Exercise details: The reply must consist of the lines from the first line of the records through the line containing "For every layout", copied exactly, with every picture omitted.

Given records:
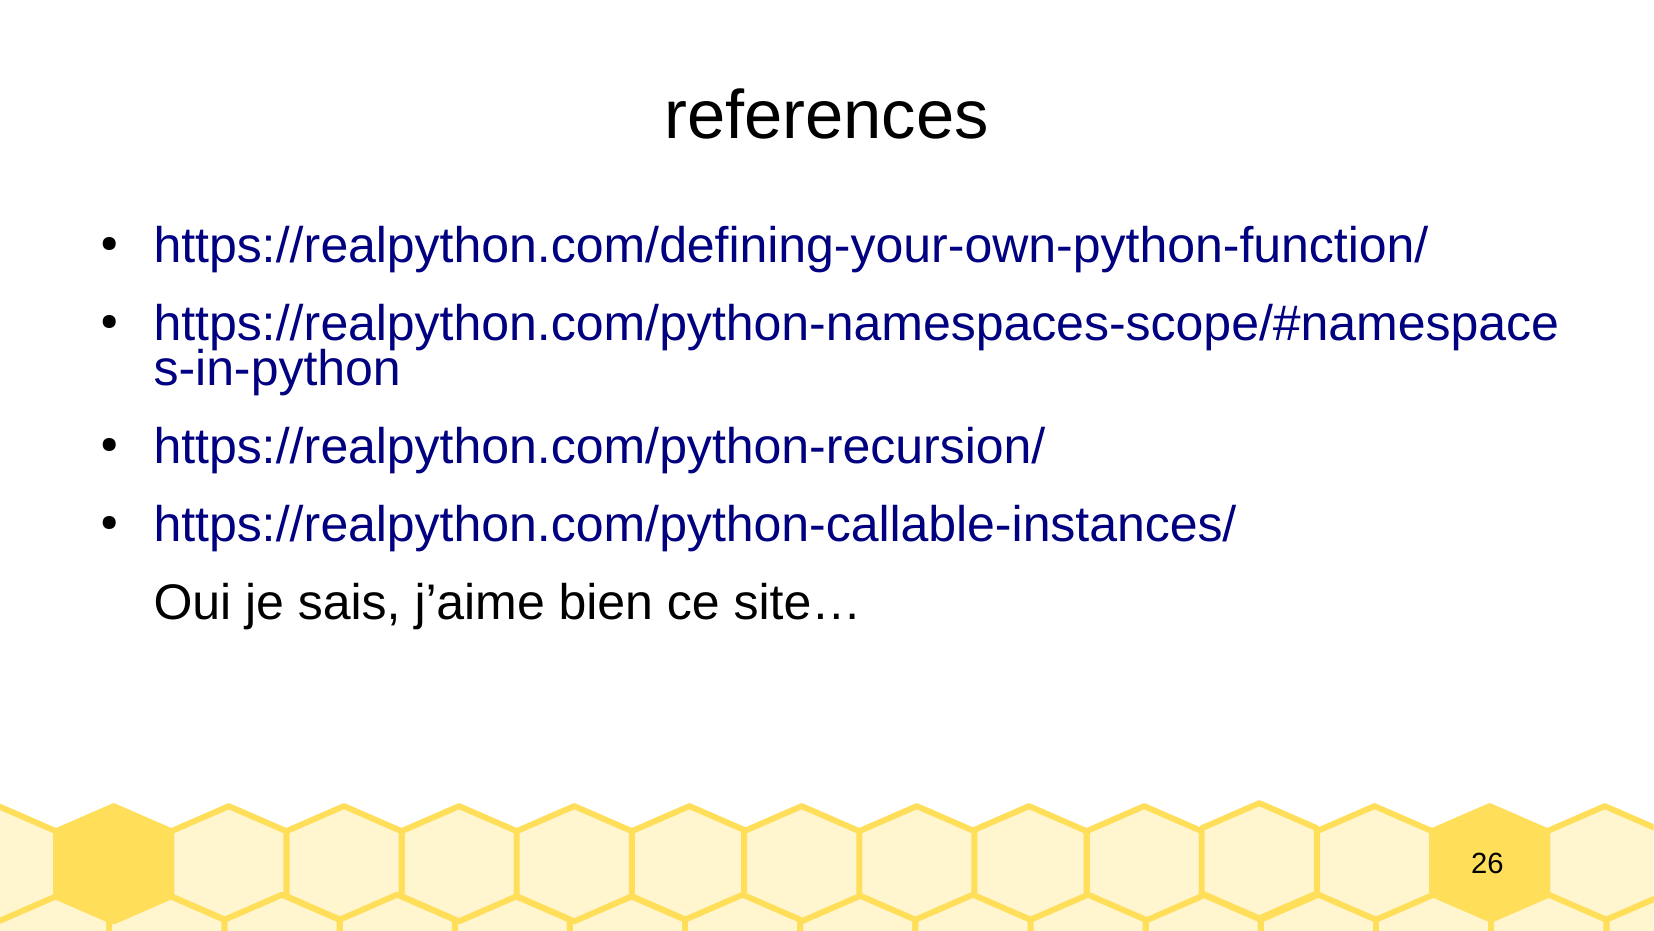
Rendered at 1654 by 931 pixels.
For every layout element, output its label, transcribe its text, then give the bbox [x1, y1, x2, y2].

list https://realpython.com/defining-your-own-python-function/ https://realpython.com/python-namespaces-scope/#namespaces-in-python https://realpython.com/python-recursion/ https://realpython.com/python-callable-instances/ Oui je sais, j’aime bien ce site… [82, 217, 1571, 758]
title references [82, 37, 1571, 193]
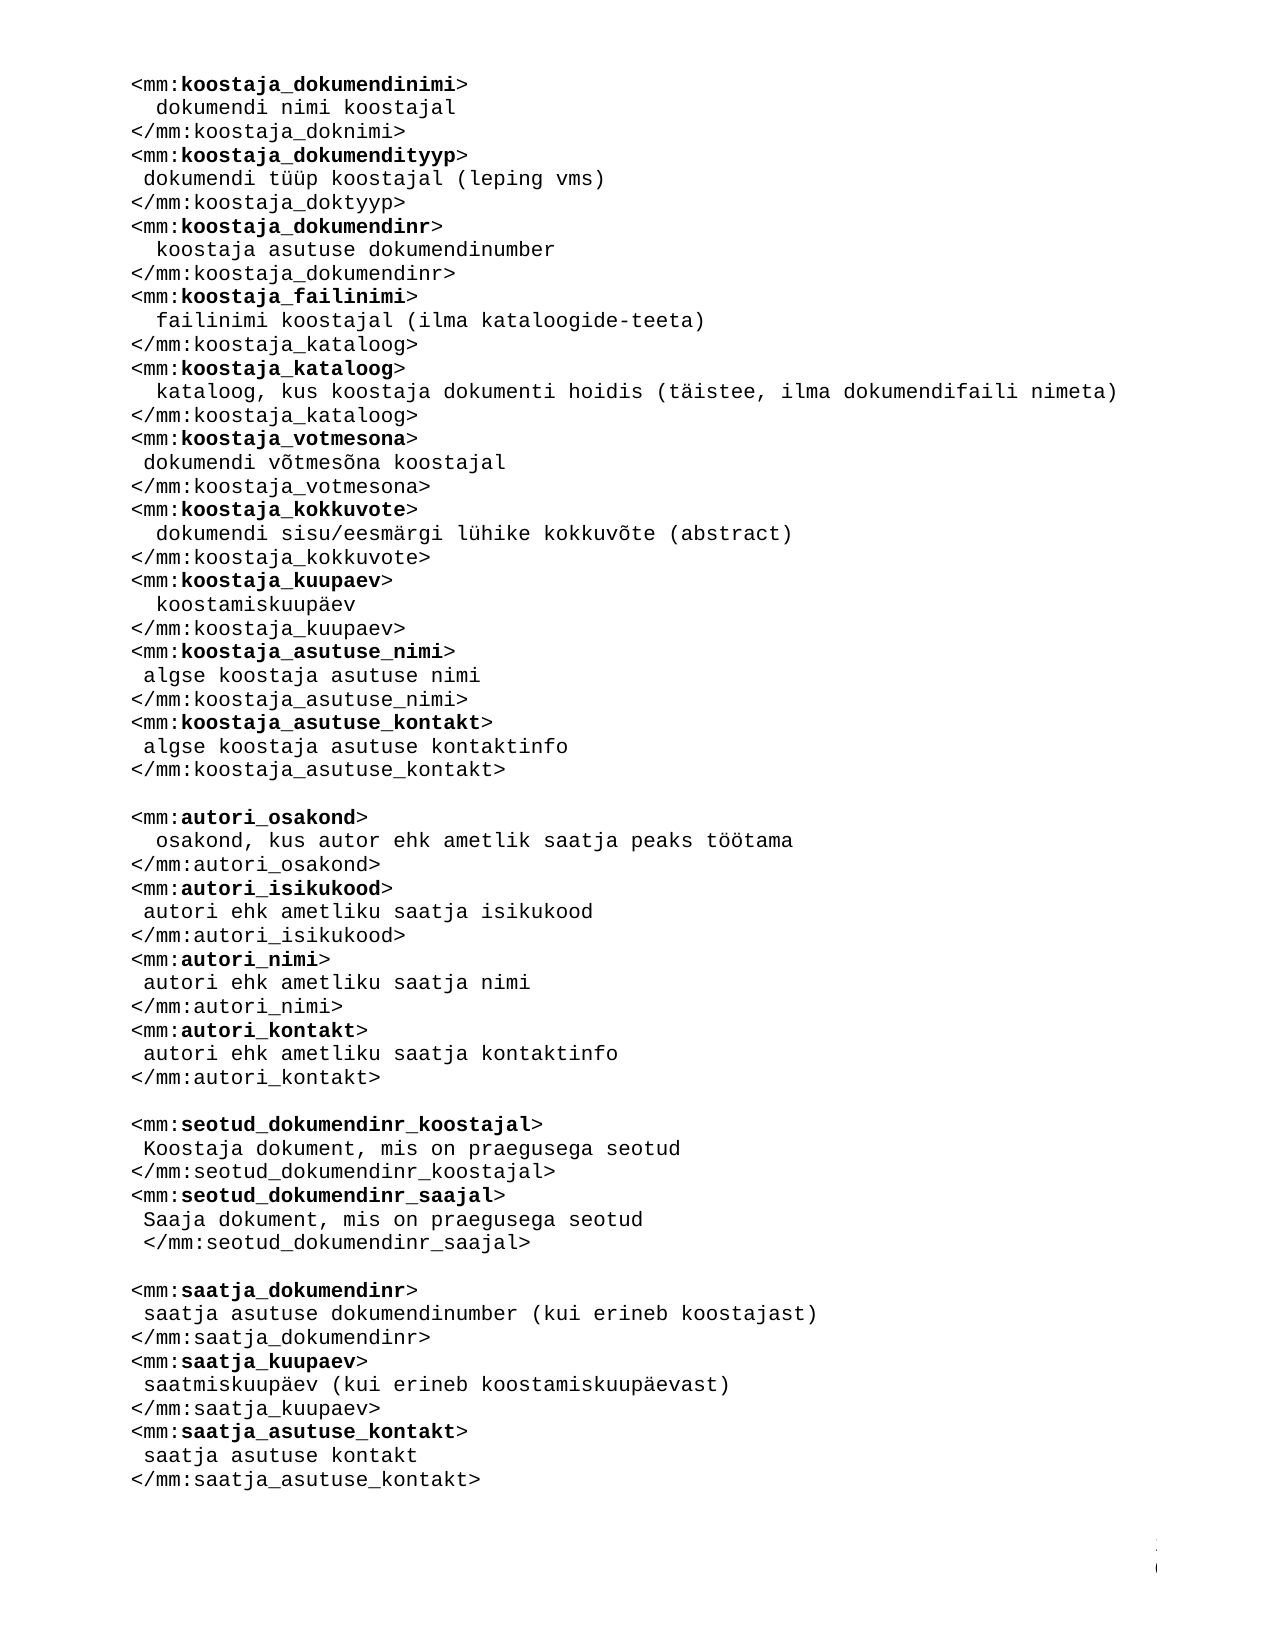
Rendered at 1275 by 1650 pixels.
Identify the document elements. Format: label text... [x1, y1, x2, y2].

text saatja asutuse dokumendinumber (kui erineb koostajast) [118, 1303, 1157, 1327]
text <mm:saatja_asutuse_kontakt> [118, 1422, 1157, 1445]
text </mm:saatja_dokumendinr> [118, 1327, 1157, 1351]
text algse koostaja asutuse kontaktinfo [118, 736, 1157, 759]
text saatmiskuupäev (kui erineb koostamiskuupäevast) [118, 1374, 1157, 1398]
text </mm:koostaja_asutuse_kontakt> [118, 759, 1157, 783]
text </mm:autori_kontakt> [118, 1067, 1157, 1091]
text </mm:koostaja_kataloog> [118, 334, 1157, 357]
text dokumendi nimi koostajal [118, 97, 1157, 121]
text <mm:koostaja_kokkuvote> [118, 499, 1157, 523]
text <mm:koostaja_failinimi> [118, 287, 1157, 310]
text <mm:koostaja_asutuse_kontakt> [118, 712, 1157, 736]
text <mm:autori_nimi> [118, 949, 1157, 972]
text </mm:koostaja_kataloog> [118, 405, 1157, 428]
text </mm:koostaja_votmesona> [118, 476, 1157, 499]
text </mm:autori_nimi> [118, 996, 1157, 1019]
text dokumendi võtmesõna koostajal [118, 452, 1157, 476]
text </mm:koostaja_asutuse_nimi> [118, 688, 1157, 712]
text <mm:koostaja_asutuse_nimi> [118, 641, 1157, 665]
text <mm:seotud_dokumendinr_saajal> [118, 1185, 1157, 1209]
text Koostaja dokument, mis on praegusega seotud [118, 1138, 1157, 1161]
text <mm:koostaja_kuupaev> [118, 570, 1157, 594]
text saatja asutuse kontakt [118, 1445, 1157, 1469]
text </mm:koostaja_doknimi> [118, 121, 1157, 145]
text </mm:koostaja_kokkuvote> [118, 547, 1157, 570]
text </mm:saatja_asutuse_kontakt> [118, 1469, 1157, 1492]
text <mm:koostaja_dokumendityyp> [118, 145, 1157, 168]
text </mm:koostaja_kuupaev> [118, 618, 1157, 641]
text </mm:autori_osakond> [118, 854, 1157, 878]
text </mm:seotud_dokumendinr_saajal> [118, 1232, 1157, 1256]
text <mm:koostaja_dokumendinr> [118, 216, 1157, 239]
text <mm:autori_isikukood> [118, 878, 1157, 901]
text koostaja asutuse dokumendinumber [118, 239, 1157, 263]
text kataloog, kus koostaja dokumenti hoidis (täistee, ilma dokumendifaili nimeta) [118, 381, 1157, 405]
text </mm:koostaja_dokumendinr> [118, 263, 1157, 287]
text <mm:saatja_kuupaev> [118, 1351, 1157, 1374]
text </mm:seotud_dokumendinr_koostajal> [118, 1161, 1157, 1185]
text <mm:autori_osakond> [118, 807, 1157, 830]
text failinimi koostajal (ilma kataloogide-teeta) [118, 310, 1157, 334]
text dokumendi tüüp koostajal (leping vms) [118, 168, 1157, 192]
text <mm:saatja_dokumendinr> [118, 1280, 1157, 1303]
text </mm:saatja_kuupaev> [118, 1398, 1157, 1422]
text autori ehk ametliku saatja nimi [118, 972, 1157, 996]
text autori ehk ametliku saatja isikukood [118, 901, 1157, 925]
text koostamiskuupäev [118, 594, 1157, 618]
text <mm:koostaja_kataloog> [118, 357, 1157, 381]
text Saaja dokument, mis on praegusega seotud [118, 1209, 1157, 1232]
text </mm:koostaja_doktyyp> [118, 192, 1157, 216]
text <mm:koostaja_dokumendinimi> [118, 74, 1157, 97]
text <mm:seotud_dokumendinr_koostajal> [118, 1114, 1157, 1138]
text <mm:autori_kontakt> [118, 1019, 1157, 1043]
text algse koostaja asutuse nimi [118, 665, 1157, 688]
text dokumendi sisu/eesmärgi lühike kokkuvõte (abstract) [118, 523, 1157, 547]
text autori ehk ametliku saatja kontaktinfo [118, 1043, 1157, 1067]
text <mm:koostaja_votmesona> [118, 428, 1157, 452]
text osakond, kus autor ehk ametlik saatja peaks töötama [118, 830, 1157, 854]
text </mm:autori_isikukood> [118, 925, 1157, 949]

Exercise response:
Rendered at 1654 by 931 pixels.
For every layout element, output its label, transcribe its text, then give the bbox [x1, y1, x2, y2].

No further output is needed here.